A normal (Gaussian) distribution is one which is completely specified by two parameters: mean and variance, or standard deviation. All other moments are assumed to be zero or negligible. The Central Limit Theorem gives some conditions under which random processes with other distributions will combine produce normal distributions. Among the preconditions are additive combination, independence, the existence of means and bounded variance in these other distributions. It is possible for each of these conditions to be violated in practice.

What it guarantees, in those cases where it applies, is that the distribution of means and variance of sample sets will be normal in the limit where you repeat sampling many times. This is far from guaranteeing that any particular small set of samples will form a normal distribution. Even if the sampling process does produce a normal distribution you still have the problem of estimating those two parameters. Mean values tend to be more reliable than standard deviation, yet the estimates of standard deviation have enormous effect on measures of significance. The computer experiments above illustrate very well how sensitive results are to those estimates, yet these are experiments done in a mathematical world where the underlying assumptions are, as far as possible, true by construction!

In the situation where one of the processes being sampled has a Lévy distribution you cannot even count on the existence of a bounded standard deviation in the pure mathematical case. Any such computed standard deviation will be an artifact determined by the bounds set on sampling and the number of samples taken. Unfortunately for convenience, Lévy distributions are quite common in many fields. They should be suspected any time you are dealing with asymmetrical distributions which exhibit a pronounced extended tail in one direction.

This is precisely what I saw in looking at Chalder's data on physical performance in the general population. I could even plausibly explain this as the result of a number of pathological processes combining multiplicatively to reduce performance. In the general population there was no exclusion of multiple pathological processes, and in the CFS subset the existence of any undetected pathologies was simply dismissed.

You can even find examples in the literature where researchers who were warned that they were not dealing with normal distributions persisted, saying "sometimes you have to work hard to get a normal distribution". Such people are completely oblivious to the obvious contradiction between the idea of necessary independence during sampling and "working real hard" to make the resulting sample set look normal.
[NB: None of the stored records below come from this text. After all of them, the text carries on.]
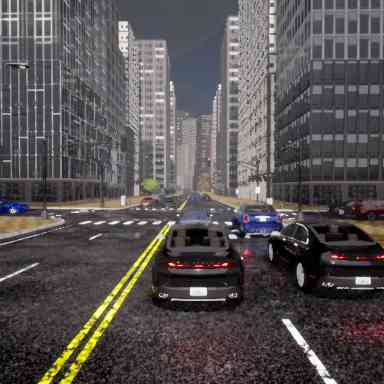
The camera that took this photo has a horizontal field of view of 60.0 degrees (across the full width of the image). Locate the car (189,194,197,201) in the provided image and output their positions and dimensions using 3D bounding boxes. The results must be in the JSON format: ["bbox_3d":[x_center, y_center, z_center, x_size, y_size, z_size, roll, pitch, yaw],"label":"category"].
[{"bbox_3d":[0.209,1.396,79.361,1.882,1.535,5.008,0,0,0],"label":"car"}]

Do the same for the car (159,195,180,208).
[{"bbox_3d":[-3.214,1.471,48.292,1.837,1.490,4.892,0,0,0],"label":"car"}]

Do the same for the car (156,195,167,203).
[{"bbox_3d":[-6.319,1.418,69.335,1.882,1.535,5.008,0,0,0],"label":"car"}]

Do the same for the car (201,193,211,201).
[{"bbox_3d":[3.459,1.396,79.350,1.882,1.535,5.008,0,0,0],"label":"car"}]

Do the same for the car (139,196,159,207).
[{"bbox_3d":[-6.459,1.491,49.065,1.812,1.442,4.674,0,0,2],"label":"car"}]

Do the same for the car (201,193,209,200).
[{"bbox_3d":[3.486,1.098,89.739,2.097,1.767,4.553,0,0,0],"label":"car"}]

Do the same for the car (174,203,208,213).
[{"bbox_3d":[0.147,1.538,17.816,2.033,1.411,5.357,0,0,0],"label":"car"}]

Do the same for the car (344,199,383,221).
[{"bbox_3d":[16.276,1.519,28.529,5.009,1.841,2.192,1,0,1],"label":"car"}]

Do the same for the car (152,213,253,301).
[{"bbox_3d":[0.120,1.501,8.261,1.837,1.490,4.892,0,0,0],"label":"car"}]

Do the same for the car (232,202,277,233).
[{"bbox_3d":[3.395,1.342,18.051,2.097,1.767,4.553,0,0,0],"label":"car"}]

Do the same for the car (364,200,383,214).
[{"bbox_3d":[21.906,1.643,36.800,4.829,1.417,1.752,1,0,1],"label":"car"}]

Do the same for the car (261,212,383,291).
[{"bbox_3d":[3.374,1.500,8.968,1.837,1.490,4.892,0,0,0],"label":"car"}]

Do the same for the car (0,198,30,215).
[{"bbox_3d":[-18.155,1.332,31.769,5.008,1.535,1.882,0,1,1],"label":"car"}]

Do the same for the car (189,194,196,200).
[{"bbox_3d":[0.236,1.220,89.779,1.882,1.535,5.008,0,0,0],"label":"car"}]

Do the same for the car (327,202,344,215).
[{"bbox_3d":[16.517,1.617,34.309,4.892,1.490,1.837,1,1,1],"label":"car"}]

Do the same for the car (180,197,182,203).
[{"bbox_3d":[-3.182,1.460,57.631,1.837,1.490,4.892,0,0,0],"label":"car"}]
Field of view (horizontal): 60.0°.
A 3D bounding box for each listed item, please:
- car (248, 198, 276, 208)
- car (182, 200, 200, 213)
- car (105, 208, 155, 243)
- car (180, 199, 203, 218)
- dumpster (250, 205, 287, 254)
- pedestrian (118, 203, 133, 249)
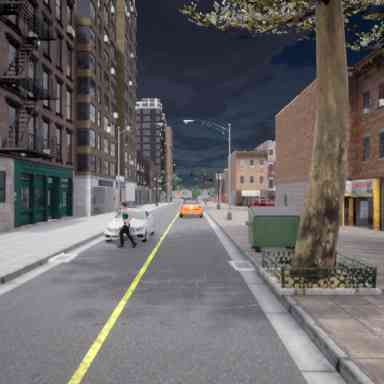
[{"bbox_3d":[10.616,1.874,48.432,5.009,1.841,2.192,1,-1,0],"label":"car"},{"bbox_3d":[-0.027,1.712,41.503,1.837,1.490,4.892,0,-1,4],"label":"car"},{"bbox_3d":[-2.916,1.547,16.362,1.812,1.442,4.674,0,0,0],"label":"car"},{"bbox_3d":[-0.061,1.463,31.770,2.097,1.767,4.553,0,0,0],"label":"car"},{"bbox_3d":[2.958,1.404,13.106,1.020,1.700,1.940,0,0,0],"label":"dumpster"},{"bbox_3d":[-2.629,1.305,13.102,0.375,1.860,0.375,0,0,-10],"label":"pedestrian"}]
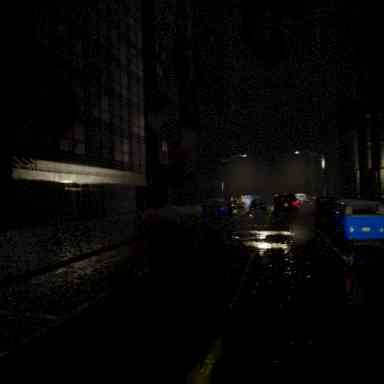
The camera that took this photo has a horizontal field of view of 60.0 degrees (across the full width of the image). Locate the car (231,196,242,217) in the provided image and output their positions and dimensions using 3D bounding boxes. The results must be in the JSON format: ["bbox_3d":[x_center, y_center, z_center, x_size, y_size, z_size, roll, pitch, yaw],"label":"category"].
[{"bbox_3d":[3.332,1.457,33.338,2.192,1.841,5.009,-2,0,15],"label":"car"}]

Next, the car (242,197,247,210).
[{"bbox_3d":[6.169,1.690,44.192,2.008,1.369,4.403,-2,0,15],"label":"car"}]

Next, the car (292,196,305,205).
[{"bbox_3d":[18.661,1.426,58.336,1.887,1.381,4.507,-2,0,15],"label":"car"}]

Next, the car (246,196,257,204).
[{"bbox_3d":[11.825,1.575,65.906,1.967,1.590,4.097,-2,0,15],"label":"car"}]

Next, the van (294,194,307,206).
[{"bbox_3d":[17.240,1.224,52.909,1.690,1.788,3.998,-2,0,15],"label":"van"}]

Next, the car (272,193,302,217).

If the resulting groupings all exhibit increased variance as a function of time, and the bounds are set in a way to exploit this, this will guarantee that a study will be able to report "statistically significant results" because of procedures based on invalid assumptions. Having a number of sample points right up against one bound is a great way to do this, even if you don't adjust bounds during the study.

Even that stops short of adjusting bounds for entry to a trial without changing thresholds for recovery. Any field which allows such travesties to persist must be considered fundamentally suspect.